Records from a dataset:

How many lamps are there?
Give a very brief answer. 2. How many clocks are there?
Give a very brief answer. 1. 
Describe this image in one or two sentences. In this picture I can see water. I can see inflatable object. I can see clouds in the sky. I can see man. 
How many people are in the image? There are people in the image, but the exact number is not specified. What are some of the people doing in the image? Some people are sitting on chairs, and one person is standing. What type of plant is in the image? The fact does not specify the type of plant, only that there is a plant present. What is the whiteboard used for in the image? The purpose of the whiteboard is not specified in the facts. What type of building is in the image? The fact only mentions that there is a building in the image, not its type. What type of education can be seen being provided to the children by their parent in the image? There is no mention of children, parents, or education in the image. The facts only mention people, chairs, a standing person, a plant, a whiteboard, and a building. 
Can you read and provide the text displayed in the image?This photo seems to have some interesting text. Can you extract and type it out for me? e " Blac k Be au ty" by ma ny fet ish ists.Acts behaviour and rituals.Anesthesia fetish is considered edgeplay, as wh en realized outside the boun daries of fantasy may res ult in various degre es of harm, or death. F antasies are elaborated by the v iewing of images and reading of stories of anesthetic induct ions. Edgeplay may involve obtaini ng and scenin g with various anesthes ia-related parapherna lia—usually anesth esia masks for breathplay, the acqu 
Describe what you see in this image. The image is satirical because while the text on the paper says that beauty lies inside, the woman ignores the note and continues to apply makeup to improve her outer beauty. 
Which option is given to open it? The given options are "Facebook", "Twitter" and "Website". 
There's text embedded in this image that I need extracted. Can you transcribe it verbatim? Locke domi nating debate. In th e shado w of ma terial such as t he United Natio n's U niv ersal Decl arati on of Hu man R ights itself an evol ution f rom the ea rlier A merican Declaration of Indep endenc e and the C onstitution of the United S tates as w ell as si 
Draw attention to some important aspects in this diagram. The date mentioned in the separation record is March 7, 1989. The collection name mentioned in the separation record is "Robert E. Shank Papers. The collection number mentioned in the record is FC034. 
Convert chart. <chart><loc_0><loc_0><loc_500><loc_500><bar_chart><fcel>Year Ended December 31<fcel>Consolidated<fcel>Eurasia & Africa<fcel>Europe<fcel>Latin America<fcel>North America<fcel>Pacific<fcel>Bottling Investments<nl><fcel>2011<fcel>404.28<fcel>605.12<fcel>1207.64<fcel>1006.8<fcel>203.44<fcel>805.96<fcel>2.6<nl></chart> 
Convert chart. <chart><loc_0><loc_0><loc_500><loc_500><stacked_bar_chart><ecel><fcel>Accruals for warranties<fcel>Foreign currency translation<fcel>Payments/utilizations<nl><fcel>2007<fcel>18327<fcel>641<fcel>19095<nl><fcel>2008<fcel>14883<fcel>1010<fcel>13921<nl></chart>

Exercise requirements =>
Set the records down again in full, exactly as they read.

Task output =>
How many lamps are there?
Give a very brief answer. 2. How many clocks are there?
Give a very brief answer. 1. 
Describe this image in one or two sentences. In this picture I can see water. I can see inflatable object. I can see clouds in the sky. I can see man. 
How many people are in the image? There are people in the image, but the exact number is not specified. What are some of the people doing in the image? Some people are sitting on chairs, and one person is standing. What type of plant is in the image? The fact does not specify the type of plant, only that there is a plant present. What is the whiteboard used for in the image? The purpose of the whiteboard is not specified in the facts. What type of building is in the image? The fact only mentions that there is a building in the image, not its type. What type of education can be seen being provided to the children by their parent in the image? There is no mention of children, parents, or education in the image. The facts only mention people, chairs, a standing person, a plant, a whiteboard, and a building. 
Can you read and provide the text displayed in the image?This photo seems to have some interesting text. Can you extract and type it out for me? e " Blac k Be au ty" by ma ny fet ish ists.Acts behaviour and rituals.Anesthesia fetish is considered edgeplay, as wh en realized outside the boun daries of fantasy may res ult in various degre es of harm, or death. F antasies are elaborated by the v iewing of images and reading of stories of anesthetic induct ions. Edgeplay may involve obtaini ng and scenin g with various anesthes ia-related parapherna lia—usually anesth esia masks for breathplay, the acqu 
Describe what you see in this image. The image is satirical because while the text on the paper says that beauty lies inside, the woman ignores the note and continues to apply makeup to improve her outer beauty. 
Which option is given to open it? The given options are "Facebook", "Twitter" and "Website". 
There's text embedded in this image that I need extracted. Can you transcribe it verbatim? Locke domi nating debate. In th e shado w of ma terial such as t he United Natio n's U niv ersal Decl arati on of Hu man R ights itself an evol ution f rom the ea rlier A merican Declaration of Indep endenc e and the C onstitution of the United S tates as w ell as si 
Draw attention to some important aspects in this diagram. The date mentioned in the separation record is March 7, 1989. The collection name mentioned in the separation record is "Robert E. Shank Papers. The collection number mentioned in the record is FC034. 
Convert chart. <chart><loc_0><loc_0><loc_500><loc_500><bar_chart><fcel>Year Ended December 31<fcel>Consolidated<fcel>Eurasia & Africa<fcel>Europe<fcel>Latin America<fcel>North America<fcel>Pacific<fcel>Bottling Investments<nl><fcel>2011<fcel>404.28<fcel>605.12<fcel>1207.64<fcel>1006.8<fcel>203.44<fcel>805.96<fcel>2.6<nl></chart> 
Convert chart. <chart><loc_0><loc_0><loc_500><loc_500><stacked_bar_chart><ecel><fcel>Accruals for warranties<fcel>Foreign currency translation<fcel>Payments/utilizations<nl><fcel>2007<fcel>18327<fcel>641<fcel>19095<nl><fcel>2008<fcel>14883<fcel>1010<fcel>13921<nl></chart>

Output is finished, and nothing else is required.